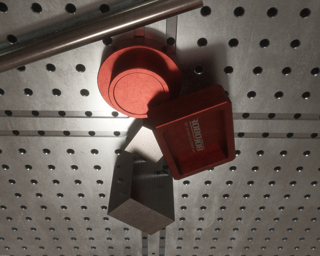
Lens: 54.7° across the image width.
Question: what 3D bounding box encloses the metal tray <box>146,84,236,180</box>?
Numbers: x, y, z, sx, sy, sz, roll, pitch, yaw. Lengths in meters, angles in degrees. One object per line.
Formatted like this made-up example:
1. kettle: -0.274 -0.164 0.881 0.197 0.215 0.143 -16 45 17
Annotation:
1. metal tray: 0.044 0.012 0.388 0.090 0.030 0.130 -20 142 1

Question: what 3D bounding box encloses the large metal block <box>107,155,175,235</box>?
1. large metal block: -0.026 0.099 0.460 0.080 0.080 0.050 35 122 -26

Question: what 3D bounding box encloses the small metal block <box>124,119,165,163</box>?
1. small metal block: -0.014 0.016 0.425 0.050 0.025 0.050 25 126 -20

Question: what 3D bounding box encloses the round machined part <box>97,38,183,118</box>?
1. round machined part: -0.023 -0.050 0.358 0.099 0.042 0.097 -1 130 0

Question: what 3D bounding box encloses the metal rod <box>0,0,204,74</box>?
1. metal rod: -0.104 -0.094 0.330 0.301 0.025 0.025 -14 129 11
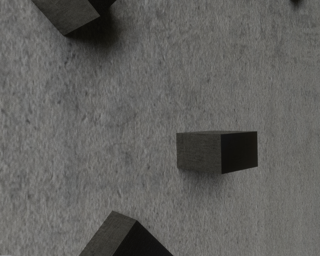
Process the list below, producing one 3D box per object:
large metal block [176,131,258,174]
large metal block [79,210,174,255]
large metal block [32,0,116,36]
[{"bbox_3d":[0.080,0.031,0.439,0.081,0.080,0.050,-3,92,-40],"label":"large metal block"},{"bbox_3d":[-0.041,0.156,0.356,0.080,0.050,0.080,-53,121,-27],"label":"large metal block"},{"bbox_3d":[-0.072,-0.145,0.309,0.050,0.080,0.080,50,60,-29],"label":"large metal block"}]
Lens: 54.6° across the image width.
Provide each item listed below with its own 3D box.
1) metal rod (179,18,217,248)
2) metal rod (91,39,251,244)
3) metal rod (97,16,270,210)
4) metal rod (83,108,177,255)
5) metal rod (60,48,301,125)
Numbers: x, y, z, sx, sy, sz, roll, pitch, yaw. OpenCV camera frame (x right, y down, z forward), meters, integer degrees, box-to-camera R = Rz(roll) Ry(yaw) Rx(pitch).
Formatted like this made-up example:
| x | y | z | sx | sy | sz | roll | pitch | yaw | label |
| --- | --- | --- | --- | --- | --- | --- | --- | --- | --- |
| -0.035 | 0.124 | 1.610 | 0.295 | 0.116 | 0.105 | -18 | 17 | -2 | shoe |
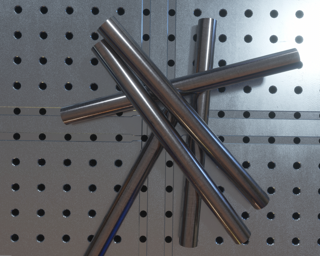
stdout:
| x | y | z | sx | sy | sz | roll | pitch | yaw | label |
| --- | --- | --- | --- | --- | --- | --- | --- | --- | --- |
| 0.051 | 0.006 | 0.413 | 0.025 | 0.025 | 0.298 | 5 | 90 | 0 | metal rod |
| 0.018 | 0.021 | 0.381 | 0.025 | 0.025 | 0.300 | -36 | 97 | 0 | metal rod |
| 0.038 | -0.008 | 0.379 | 0.025 | 0.025 | 0.300 | -42 | 104 | 0 | metal rod |
| -0.054 | 0.109 | 0.413 | 0.025 | 0.025 | 0.299 | 29 | 90 | 0 | metal rod |
| 0.019 | -0.050 | 0.392 | 0.301 | 0.025 | 0.025 | -13 | 90 | 8 | metal rod |
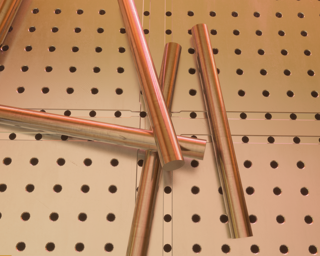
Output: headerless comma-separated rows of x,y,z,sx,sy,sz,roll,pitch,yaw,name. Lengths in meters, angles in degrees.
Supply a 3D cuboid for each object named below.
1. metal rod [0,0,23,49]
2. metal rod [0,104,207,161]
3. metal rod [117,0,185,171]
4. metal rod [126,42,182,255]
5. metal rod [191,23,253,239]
-0.255,-0.087,0.440,0.025,0.025,0.299,12,70,4,metal rod
-0.093,0.002,0.392,0.301,0.025,0.025,10,70,10,metal rod
-0.020,-0.083,0.409,0.025,0.025,0.299,-13,58,-5,metal rod
-0.005,0.020,0.404,0.025,0.025,0.299,9,70,3,metal rod
0.078,-0.010,0.416,0.025,0.025,0.299,-7,70,-3,metal rod
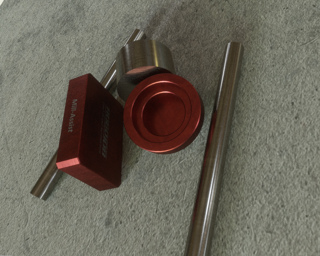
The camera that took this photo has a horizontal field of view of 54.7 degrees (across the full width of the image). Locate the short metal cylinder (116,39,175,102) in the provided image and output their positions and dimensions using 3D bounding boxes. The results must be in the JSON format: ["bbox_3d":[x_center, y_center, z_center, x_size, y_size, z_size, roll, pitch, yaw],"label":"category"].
[{"bbox_3d":[-0.019,-0.073,0.424,0.080,0.080,0.050,-20,54,16],"label":"short metal cylinder"}]

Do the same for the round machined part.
[{"bbox_3d":[0.008,-0.015,0.387,0.098,0.042,0.098,-5,76,19],"label":"round machined part"}]

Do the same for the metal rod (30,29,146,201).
[{"bbox_3d":[-0.102,-0.030,0.476,0.025,0.025,0.300,17,70,34],"label":"metal rod"}]

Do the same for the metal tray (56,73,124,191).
[{"bbox_3d":[-0.085,0.006,0.402,0.030,0.090,0.130,-15,56,20],"label":"metal tray"}]

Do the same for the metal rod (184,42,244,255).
[{"bbox_3d":[0.064,0.024,0.355,0.025,0.025,0.300,1,62,29],"label":"metal rod"}]
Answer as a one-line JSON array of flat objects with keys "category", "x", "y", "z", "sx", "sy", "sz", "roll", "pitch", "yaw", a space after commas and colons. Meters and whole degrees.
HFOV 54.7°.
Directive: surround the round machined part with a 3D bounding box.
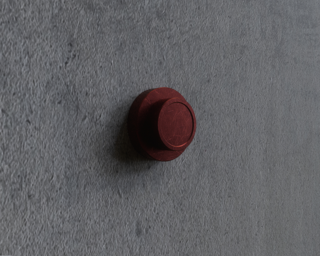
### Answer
[{"category": "round machined part", "x": 0.009, "y": -0.005, "z": 0.404, "sx": 0.099, "sy": 0.042, "sz": 0.097, "roll": 0, "pitch": 90, "yaw": -40}]
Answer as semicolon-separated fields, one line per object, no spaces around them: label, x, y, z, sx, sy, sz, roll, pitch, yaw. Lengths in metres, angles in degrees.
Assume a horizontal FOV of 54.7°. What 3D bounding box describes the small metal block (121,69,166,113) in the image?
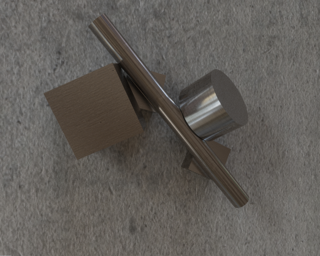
small metal block;-0.025;-0.049;0.402;0.050;0.025;0.050;13;86;-20

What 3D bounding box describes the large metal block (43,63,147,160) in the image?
large metal block;-0.070;-0.021;0.354;0.080;0.050;0.080;-23;100;5

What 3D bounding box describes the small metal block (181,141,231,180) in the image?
small metal block;0.065;0.042;0.436;0.050;0.025;0.050;26;81;-19

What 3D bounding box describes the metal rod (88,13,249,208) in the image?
metal rod;0.020;-0.012;0.392;0.025;0.025;0.300;-43;104;-15

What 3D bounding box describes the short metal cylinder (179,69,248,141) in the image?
short metal cylinder;0.070;-0.029;0.403;0.080;0.050;0.080;33;42;-35
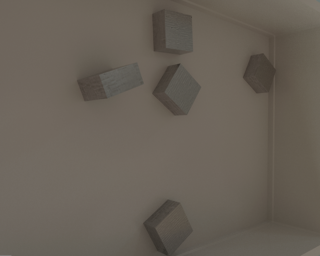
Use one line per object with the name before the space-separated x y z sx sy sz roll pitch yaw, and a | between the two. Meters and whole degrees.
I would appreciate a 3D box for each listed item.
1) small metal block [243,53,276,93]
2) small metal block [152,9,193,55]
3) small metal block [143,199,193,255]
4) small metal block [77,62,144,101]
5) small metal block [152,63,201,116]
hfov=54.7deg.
small metal block | 0.181 -0.098 0.562 0.050 0.025 0.050 37 67 -34
small metal block | 0.018 -0.130 0.423 0.050 0.025 0.050 -4 93 -40
small metal block | 0.012 0.134 0.419 0.050 0.025 0.050 -37 113 -34
small metal block | -0.055 -0.051 0.345 0.050 0.050 0.025 -28 108 -37
small metal block | 0.024 -0.052 0.429 0.050 0.025 0.050 42 64 -32
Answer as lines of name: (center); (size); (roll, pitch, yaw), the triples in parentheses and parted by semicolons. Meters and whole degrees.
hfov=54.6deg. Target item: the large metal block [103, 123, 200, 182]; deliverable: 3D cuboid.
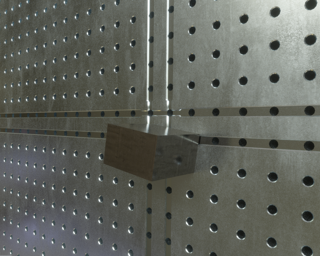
large metal block: (-0.010, 0.026, 0.383); (0.080, 0.081, 0.050); (12, 98, 39)
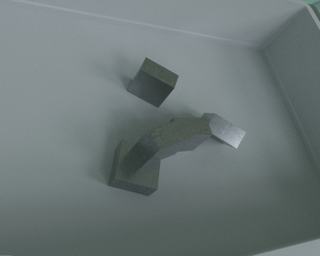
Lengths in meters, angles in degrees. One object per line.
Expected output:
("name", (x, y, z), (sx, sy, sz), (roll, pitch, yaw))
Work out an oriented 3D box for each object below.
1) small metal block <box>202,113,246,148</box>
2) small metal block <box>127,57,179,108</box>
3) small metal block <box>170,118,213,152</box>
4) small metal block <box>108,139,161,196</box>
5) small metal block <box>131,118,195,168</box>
("small metal block", (0.083, 0.002, 0.432), (0.050, 0.050, 0.025), (30, 89, -9))
("small metal block", (-0.010, -0.061, 0.423), (0.050, 0.050, 0.025), (28, 52, -11))
("small metal block", (0.031, 0.009, 0.402), (0.050, 0.050, 0.025), (-1, 63, -29))
("small metal block", (-0.028, 0.047, 0.363), (0.050, 0.025, 0.050), (18, 54, -18))
("small metal block", (0.003, 0.017, 0.351), (0.050, 0.050, 0.025), (-17, 71, -36))
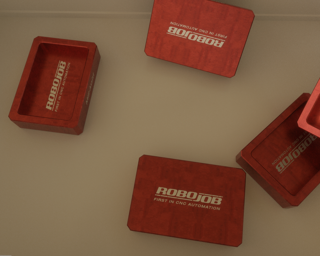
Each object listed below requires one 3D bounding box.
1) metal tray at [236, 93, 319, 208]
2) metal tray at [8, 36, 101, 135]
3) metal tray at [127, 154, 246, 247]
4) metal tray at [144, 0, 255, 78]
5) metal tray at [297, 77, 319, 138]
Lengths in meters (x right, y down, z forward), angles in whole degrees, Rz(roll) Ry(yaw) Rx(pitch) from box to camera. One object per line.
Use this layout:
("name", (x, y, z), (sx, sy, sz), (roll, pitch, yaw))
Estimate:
("metal tray", (0.175, 0.027, 0.398), (0.130, 0.030, 0.090), (-40, 75, -13))
("metal tray", (-0.141, -0.060, 0.427), (0.091, 0.030, 0.130), (7, 70, 2))
("metal tray", (0.033, 0.087, 0.375), (0.131, 0.030, 0.090), (8, 70, 3))
("metal tray", (0.052, -0.130, 0.425), (0.131, 0.089, 0.030), (16, 26, 5))
("metal tray", (0.228, -0.040, 0.350), (0.030, 0.129, 0.090), (-1, 29, -43))
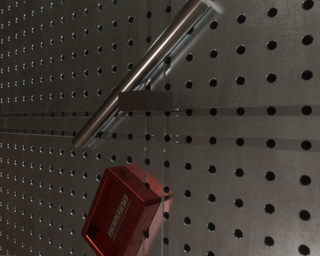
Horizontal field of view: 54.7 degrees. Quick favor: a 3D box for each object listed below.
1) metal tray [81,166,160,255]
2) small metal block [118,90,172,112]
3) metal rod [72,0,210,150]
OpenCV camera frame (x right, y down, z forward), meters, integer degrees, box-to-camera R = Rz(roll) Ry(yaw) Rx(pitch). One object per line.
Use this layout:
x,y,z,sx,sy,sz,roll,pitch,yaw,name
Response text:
-0.062,0.133,0.454,0.090,0.030,0.129,35,111,34,metal tray
-0.019,-0.034,0.407,0.050,0.050,0.025,1,91,39,small metal block
-0.042,-0.063,0.441,0.299,0.025,0.025,-44,64,31,metal rod
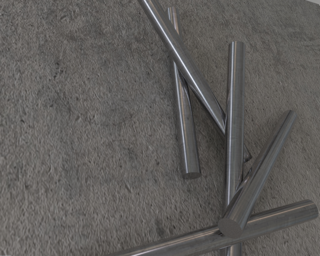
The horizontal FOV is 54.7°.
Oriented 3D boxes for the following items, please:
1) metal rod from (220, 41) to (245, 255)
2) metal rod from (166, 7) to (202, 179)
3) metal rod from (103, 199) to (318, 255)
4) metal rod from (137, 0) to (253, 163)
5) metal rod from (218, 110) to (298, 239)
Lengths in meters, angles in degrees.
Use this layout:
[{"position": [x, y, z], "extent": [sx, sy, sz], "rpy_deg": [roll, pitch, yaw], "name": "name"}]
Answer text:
[{"position": [0.098, 0.016, 0.408], "extent": [0.025, 0.025, 0.299], "rpy_deg": [15, 67, -20], "name": "metal rod"}, {"position": [0.030, -0.070, 0.462], "extent": [0.025, 0.025, 0.299], "rpy_deg": [10, 57, -23], "name": "metal rod"}, {"position": [0.044, 0.119, 0.325], "extent": [0.303, 0.025, 0.025], "rpy_deg": [-8, 65, -21], "name": "metal rod"}, {"position": [0.043, -0.081, 0.442], "extent": [0.025, 0.025, 0.299], "rpy_deg": [-31, 89, -38], "name": "metal rod"}, {"position": [0.148, 0.040, 0.423], "extent": [0.025, 0.025, 0.302], "rpy_deg": [47, 41, 5], "name": "metal rod"}]
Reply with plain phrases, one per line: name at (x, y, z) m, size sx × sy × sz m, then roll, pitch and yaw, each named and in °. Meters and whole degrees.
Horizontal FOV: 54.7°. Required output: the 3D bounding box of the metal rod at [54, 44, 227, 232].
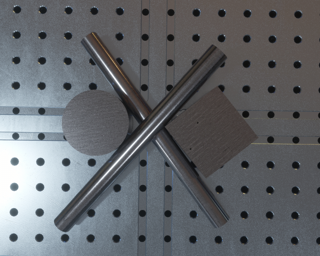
metal rod at (-0.029, 0.019, 0.388) m, size 0.025 × 0.025 × 0.299 m, roll 42°, pitch 98°, yaw 0°

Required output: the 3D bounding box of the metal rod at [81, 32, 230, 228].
metal rod at (-0.006, 0.003, 0.409) m, size 0.025 × 0.025 × 0.299 m, roll -36°, pitch 90°, yaw 0°

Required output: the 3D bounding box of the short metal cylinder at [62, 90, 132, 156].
short metal cylinder at (-0.078, -0.006, 0.396) m, size 0.081 × 0.050 × 0.079 m, roll 0°, pitch 90°, yaw 0°

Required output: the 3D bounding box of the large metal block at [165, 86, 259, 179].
large metal block at (0.062, 0.005, 0.397) m, size 0.080 × 0.050 × 0.080 m, roll -38°, pitch 90°, yaw 0°
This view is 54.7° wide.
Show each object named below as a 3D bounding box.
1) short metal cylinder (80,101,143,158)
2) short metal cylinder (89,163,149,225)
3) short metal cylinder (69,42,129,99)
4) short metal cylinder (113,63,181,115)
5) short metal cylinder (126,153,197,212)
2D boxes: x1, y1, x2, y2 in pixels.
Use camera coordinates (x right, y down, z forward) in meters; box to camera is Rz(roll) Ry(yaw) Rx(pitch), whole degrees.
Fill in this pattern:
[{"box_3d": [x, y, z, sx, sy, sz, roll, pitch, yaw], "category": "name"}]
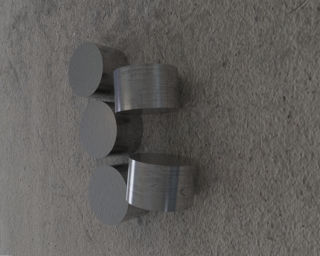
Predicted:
[{"box_3d": [-0.071, 0.002, 0.447, 0.080, 0.050, 0.080, 0, 90, 40], "category": "short metal cylinder"}, {"box_3d": [-0.054, 0.090, 0.434, 0.080, 0.050, 0.080, 0, 90, 40], "category": "short metal cylinder"}, {"box_3d": [-0.092, -0.084, 0.465, 0.080, 0.050, 0.080, 0, 90, 40], "category": "short metal cylinder"}, {"box_3d": [-0.016, -0.045, 0.382, 0.080, 0.081, 0.050, -6, 87, 40], "category": "short metal cylinder"}, {"box_3d": [0.002, 0.061, 0.368, 0.080, 0.081, 0.050, 8, 96, 39], "category": "short metal cylinder"}]
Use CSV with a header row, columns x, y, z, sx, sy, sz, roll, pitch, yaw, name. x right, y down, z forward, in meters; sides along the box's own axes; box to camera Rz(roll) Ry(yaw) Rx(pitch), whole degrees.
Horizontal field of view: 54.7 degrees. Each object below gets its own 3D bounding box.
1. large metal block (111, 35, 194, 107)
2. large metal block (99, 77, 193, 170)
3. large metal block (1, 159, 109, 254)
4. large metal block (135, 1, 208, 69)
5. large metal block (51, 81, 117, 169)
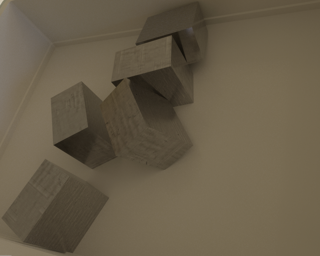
x,y,z,sx,sy,sz,roll,pitch,yaw,name
-0.007,-0.067,0.414,0.080,0.080,0.050,-11,58,22,large metal block
-0.017,-0.003,0.373,0.050,0.080,0.080,-43,49,22,large metal block
-0.122,0.096,0.374,0.050,0.080,0.080,24,74,36,large metal block
0.020,-0.130,0.444,0.080,0.050,0.080,-9,41,23,large metal block
-0.099,-0.002,0.422,0.050,0.080,0.080,-27,53,11,large metal block
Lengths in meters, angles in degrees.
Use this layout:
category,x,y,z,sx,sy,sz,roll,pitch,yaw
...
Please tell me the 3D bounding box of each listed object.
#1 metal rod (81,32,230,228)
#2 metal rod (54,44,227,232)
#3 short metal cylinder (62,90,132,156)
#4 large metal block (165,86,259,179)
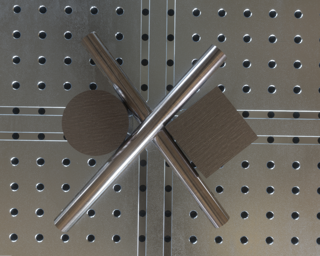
category,x,y,z,sx,sy,sz,roll,pitch,yaw
metal rod,-0.006,0.003,0.409,0.025,0.025,0.299,-36,90,0
metal rod,-0.029,0.019,0.388,0.025,0.025,0.299,42,98,0
short metal cylinder,-0.078,-0.006,0.396,0.081,0.050,0.079,0,90,0
large metal block,0.062,0.005,0.397,0.080,0.050,0.080,-38,90,0
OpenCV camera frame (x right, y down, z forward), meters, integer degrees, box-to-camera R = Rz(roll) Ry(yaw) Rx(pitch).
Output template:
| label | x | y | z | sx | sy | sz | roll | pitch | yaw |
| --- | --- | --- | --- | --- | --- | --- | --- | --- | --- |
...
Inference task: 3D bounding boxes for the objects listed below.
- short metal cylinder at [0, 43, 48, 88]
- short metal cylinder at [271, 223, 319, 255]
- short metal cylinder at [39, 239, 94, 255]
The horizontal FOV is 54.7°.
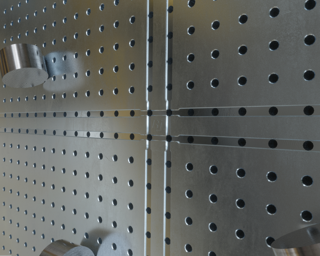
| label | x | y | z | sx | sy | sz | roll | pitch | yaw |
| --- | --- | --- | --- | --- | --- | --- | --- | --- | --- |
| short metal cylinder | -0.259 | -0.116 | 0.588 | 0.080 | 0.081 | 0.050 | -27 | 73 | 37 |
| short metal cylinder | 0.141 | 0.112 | 0.257 | 0.080 | 0.081 | 0.050 | -30 | 72 | 36 |
| short metal cylinder | -0.151 | 0.226 | 0.499 | 0.050 | 0.081 | 0.080 | -1 | 89 | 40 |
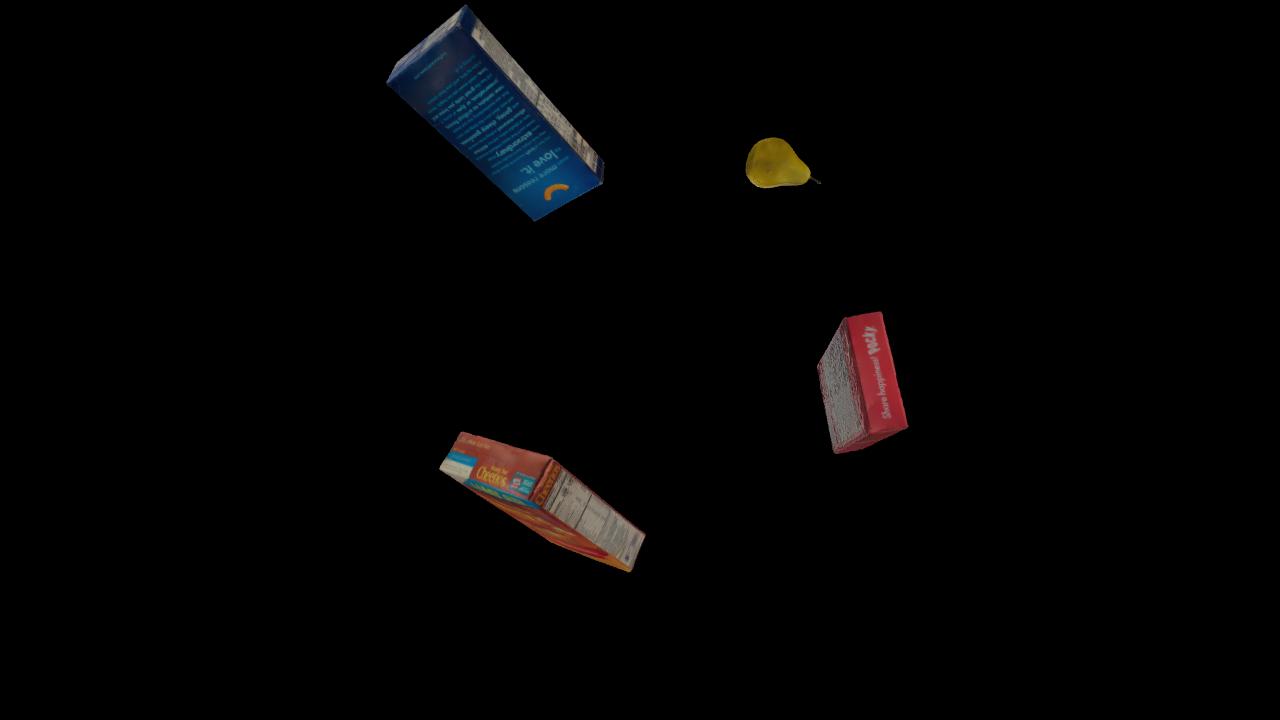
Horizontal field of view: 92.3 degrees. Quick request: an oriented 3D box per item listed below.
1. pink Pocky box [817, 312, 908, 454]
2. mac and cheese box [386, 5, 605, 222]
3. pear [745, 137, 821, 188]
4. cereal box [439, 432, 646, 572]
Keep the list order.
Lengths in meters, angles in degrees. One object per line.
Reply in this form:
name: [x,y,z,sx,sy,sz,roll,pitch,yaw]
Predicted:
pink Pocky box: [0.170,0.025,0.487,0.029,0.084,0.155,-9,-15,7]
mac and cheese box: [-0.125,-0.216,0.567,0.093,0.041,0.184,-21,-42,28]
pear: [0.218,-0.289,0.926,0.111,0.080,0.080,15,-3,-12]
cereal box: [-0.148,0.232,0.987,0.203,0.081,0.306,8,-29,36]
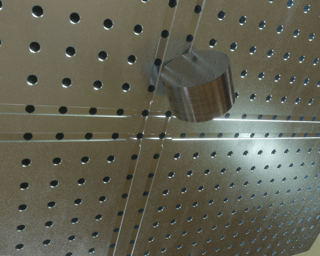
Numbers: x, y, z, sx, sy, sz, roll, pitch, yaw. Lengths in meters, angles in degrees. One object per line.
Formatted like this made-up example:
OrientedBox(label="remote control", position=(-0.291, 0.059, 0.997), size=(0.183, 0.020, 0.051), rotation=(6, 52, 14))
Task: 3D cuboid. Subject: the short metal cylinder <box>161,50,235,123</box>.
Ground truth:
OrientedBox(label="short metal cylinder", position=(0.046, -0.051, 0.371), size=(0.080, 0.080, 0.050), rotation=(-28, 128, -11))
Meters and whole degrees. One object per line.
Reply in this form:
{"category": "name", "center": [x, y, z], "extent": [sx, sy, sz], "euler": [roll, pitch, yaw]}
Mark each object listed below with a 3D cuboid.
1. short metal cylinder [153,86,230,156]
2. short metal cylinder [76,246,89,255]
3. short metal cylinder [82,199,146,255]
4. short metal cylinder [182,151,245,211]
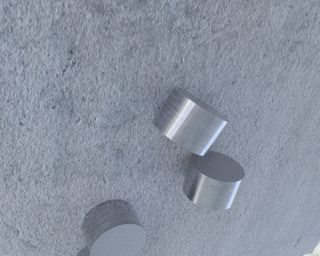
{"category": "short metal cylinder", "center": [0.038, -0.009, 0.386], "extent": [0.080, 0.080, 0.050], "euler": [23, 106, -37]}
{"category": "short metal cylinder", "center": [-0.088, 0.221, 0.479], "extent": [0.081, 0.050, 0.079], "euler": [-14, 124, -21]}
{"category": "short metal cylinder", "center": [-0.067, 0.151, 0.447], "extent": [0.081, 0.050, 0.079], "euler": [-14, 124, -21]}
{"category": "short metal cylinder", "center": [0.079, 0.076, 0.461], "extent": [0.081, 0.080, 0.050], "euler": [-1, 119, -28]}

******

## [Problem requirements]
Repeat exactly and only the lines from the one holding "Meters and whole degrees. One" through the final line of the entries; no pictures.

## [Output below]
Meters and whole degrees. One object per line.
Reply in this form:
{"category": "name", "center": [x, y, z], "extent": [sx, sy, sz], "euler": [roll, pitch, yaw]}
Mark each object listed below with a 3D cuboid.
1. short metal cylinder [153,86,230,156]
2. short metal cylinder [76,246,89,255]
3. short metal cylinder [82,199,146,255]
4. short metal cylinder [182,151,245,211]
{"category": "short metal cylinder", "center": [0.038, -0.009, 0.386], "extent": [0.080, 0.080, 0.050], "euler": [23, 106, -37]}
{"category": "short metal cylinder", "center": [-0.088, 0.221, 0.479], "extent": [0.081, 0.050, 0.079], "euler": [-14, 124, -21]}
{"category": "short metal cylinder", "center": [-0.067, 0.151, 0.447], "extent": [0.081, 0.050, 0.079], "euler": [-14, 124, -21]}
{"category": "short metal cylinder", "center": [0.079, 0.076, 0.461], "extent": [0.081, 0.080, 0.050], "euler": [-1, 119, -28]}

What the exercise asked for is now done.